Compression is negotiated during STARTUP. When enabled, the frame body (not header) is compressed.

LZ4 Compression

When using LZ4:

<compressed_body> {
    <uncompressed_length>: [int] Original body length (big-endian)
    <compressed_data>: LZ4-compressed bytes
}

The frame header's length field contains the compressed size (including the 4-byte uncompressed length).

Snappy Compression

When using Snappy, the body is compressed using Snappy framing format. No additional length prefix is added.

Compression Threshold

Implementations typically skip compression for small frames where overhead exceeds benefit. A common threshold is 512 bytes.

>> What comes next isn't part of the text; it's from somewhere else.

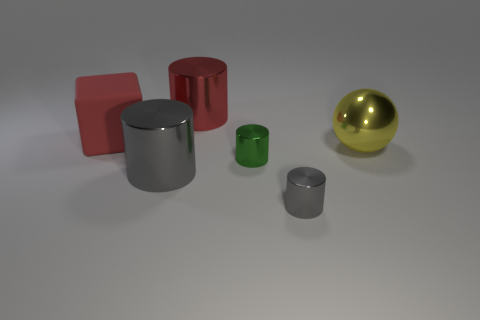Can you describe the sizes of the objects relative to each other? Certainly, the large red block and the silver cylinders are the most prominent, with the large cylinder being the tallest. The red cylinder is intermediate in size, and the green cylinder and the sphere are the smallest. The sphere's size is closer to that of the green cylinder, and it's the only object with a completely rounded shape, which makes it stand out.

Compression Recommendation

LZ4 compression is recommended for most workloads due to its excellent speed-to-ratio balance. Enable compression in the STARTUP message to reduce bandwidth usage.


Tracing

When the TRACING flag is set on a request:

  1. Server enables tracing for that request
  2. Response includes tracing ID in the body prefix
  3. Tracing data stored in system_traces keyspace

Response body with tracing:

<traced_response> {
    <tracing_id>: [uuid]
    <normal_body>: Original response body
}

Trace data can be queried from:

  • system_traces.sessions - Session metadata
  • system_traces.events - Detailed trace events

Tracing Overhead

Tracing adds significant overhead to request processing. Use it for debugging specific issues, not in production traffic.


Custom Payloads (v4+)

Custom payloads allow drivers and servers to exchange implementation-specific data.

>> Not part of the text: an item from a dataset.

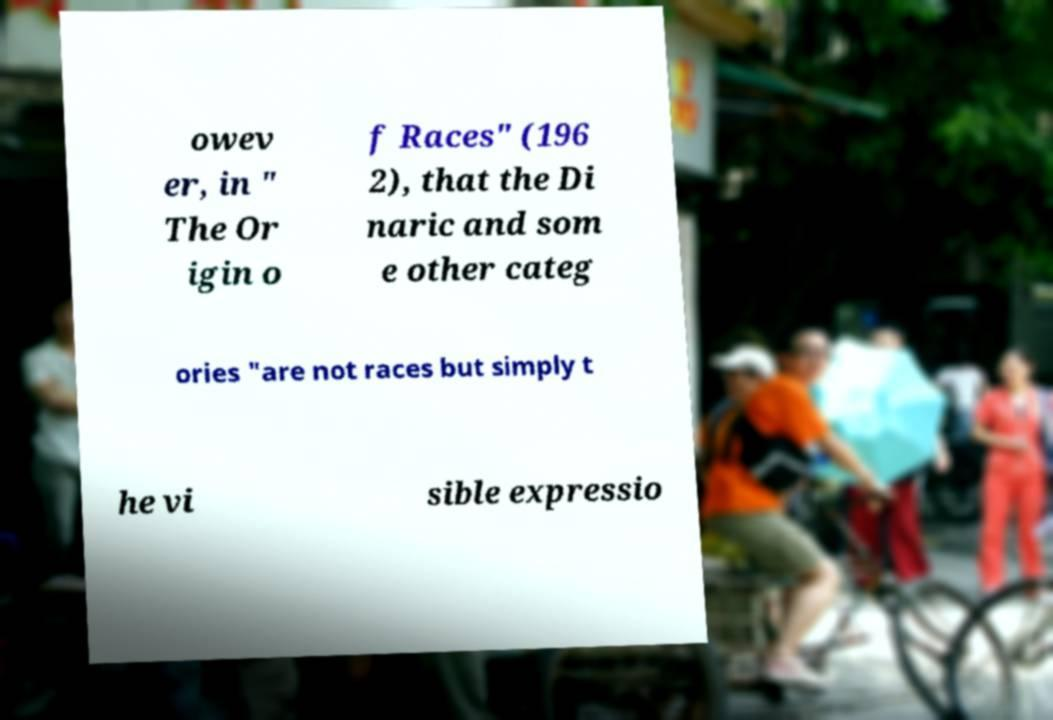Please identify and transcribe the text found in this image. owev er, in " The Or igin o f Races" (196 2), that the Di naric and som e other categ ories "are not races but simply t he vi sible expressio

When CUSTOM_PAYLOAD flag is set:

<payload_prefix> {
    <payload>: [bytes map]
}

This prefix appears before the normal message body in both requests and responses.

Common uses: - Driver-specific metadata - Proxy routing information - Custom authentication tokens


Protocol Differences by Version

v3 → v4 Changes

  • Custom payload support (CUSTOM_PAYLOAD flag)
  • Warning messages in responses (WARNING flag)
  • "Not set" value encoding (length -2)
  • date and time types
  • Failure maps in error responses
  • Schema change notifications for functions/aggregates

v4 → v5 Changes

  • 4-byte flags field (was 1 byte)
  • Per-query keyspace
  • NOW_IN_SECONDS parameter
  • Result metadata ID for EXECUTE optimization
  • duration type
  • Failure reason codes in error maps
  • METADATA_CHANGED flag in results
  • CAS_write_unknown error

v5 → v6 Changes

  • Tablet support
  • Vector type
  • Rate limit errors

Implementation Notes

Byte Order

All multi-byte values use big-endian (network) byte order.

String Encoding

All strings are UTF-8 encoded.

Null Handling

  • [bytes] with length -1 represents null
  • [bytes] with length -2 represents "not set" (v4+)
  • "Not set" differs from null in UPDATE operations:
  • NULL explicitly sets column to null
  • NOT SET leaves column unchanged

Connection Limits

Resource Default Limit
Max frame size 256 MB
Max streams 32768
Max concurrent connections per IP Unlimited

Timeouts

Servers enforce request timeouts configured in cassandra.yaml. Clients should implement their own timeouts and handle partial responses appropriately.